I saw a wry one on a sign recently:

"The more holes you tear in a net, the less there are."


----------



## B.Jarvinen (Jul 12, 2014)

There are several saying about fishing vs. work. I can only remember two of them right now:

"Work is for people who don't fish."

and

"Work to fish, fish to forget work."


----------



## B.Jarvinen (Jul 12, 2014)

But definitely my #1 favorite is:

"Early to bed
Early to rise
Fish all day
Make up lies"


----------



## Buckbaker (Aug 3, 2015)

Happiness is a smallmouth on a stiff rod.


----------



## HemlockNailer (Dec 22, 2000)

"Fish On" ! Of course.


----------



## redeyed (Aug 18, 2011)

Never leave fish, to find fish.


----------



## Robert Holmes (Oct 13, 2008)

Flag UP!!!!!!


----------



## hawgeye (Mar 3, 2011)

Wind from the West, fishings the best
Wind from the East, catch the least


----------



## B.Jarvinen (Jul 12, 2014)

The saddest one is

...and that's why they call it fishing, not catching.


----------



## REG (Oct 25, 2002)

"All men are equal before fish" Herbert Hoover


----------



## kzoofisher (Mar 6, 2011)

redeyed said:


> Never leave fish, to find fish.


Along the same lines: fish where the active fish are. 

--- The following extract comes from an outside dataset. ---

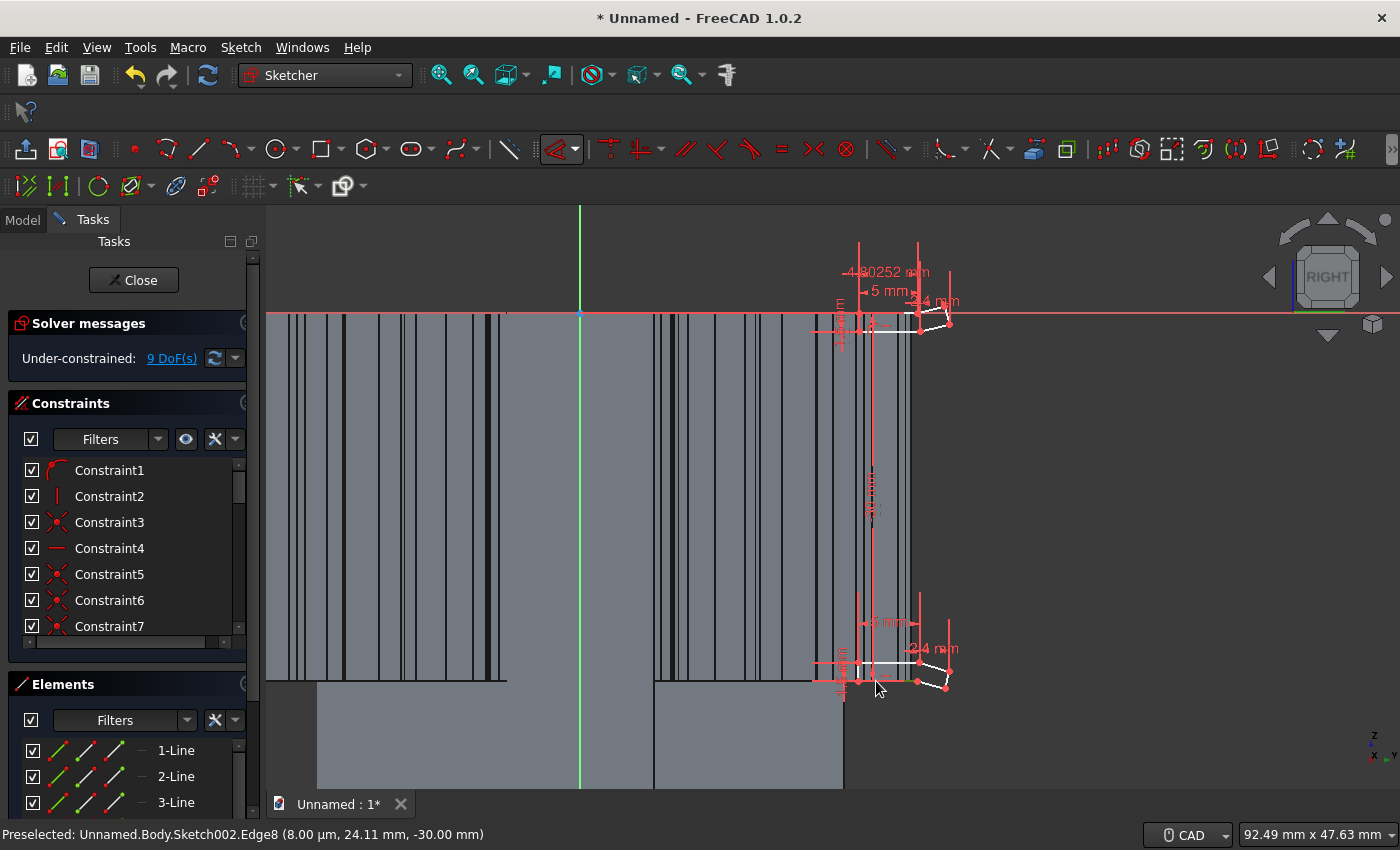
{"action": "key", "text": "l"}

Also: you shoulda been here yesterday. 

And : Calling fishing a hobby is like calling brain surgery a job.


----------



## Robert Holmes (Oct 13, 2008)

Bobber Down!!!!!!


----------



## jd4223 (Feb 12, 2012)

Fishermen have longer poles! Set the hook! Get the net!


----------



## hawgeye (Mar 3, 2011)

You shoulda seen it, it was this big!!


----------



## Fishndude (Feb 22, 2003)

The harder I fish, the luckier I get


----------



## greelhappy (Feb 20, 2004)

Fishndude said:


> The harder I fish, the luckier I get


I don't care if I catch anything.


----------



## Pier Pressure (Dec 21, 2008)

One more cast.


----------



## pryorhunt (May 13, 2014)

Red sky at night, sailors delight, red sky in morning, sailors take warning!

We gotta get a bigger boat!

You can't catch em sitting in the recliner!

I hope its yesterday, today!


----------



## mattman (Jan 8, 2013)

if you go out with a stiff rod and come back with your hands smelling like fish you know it was a good day


----------



## 6Speed (Mar 8, 2013)

Golf is for people who can't fish...


----------



## plugger (Aug 8, 2001)

It might be cold but at least it's windy!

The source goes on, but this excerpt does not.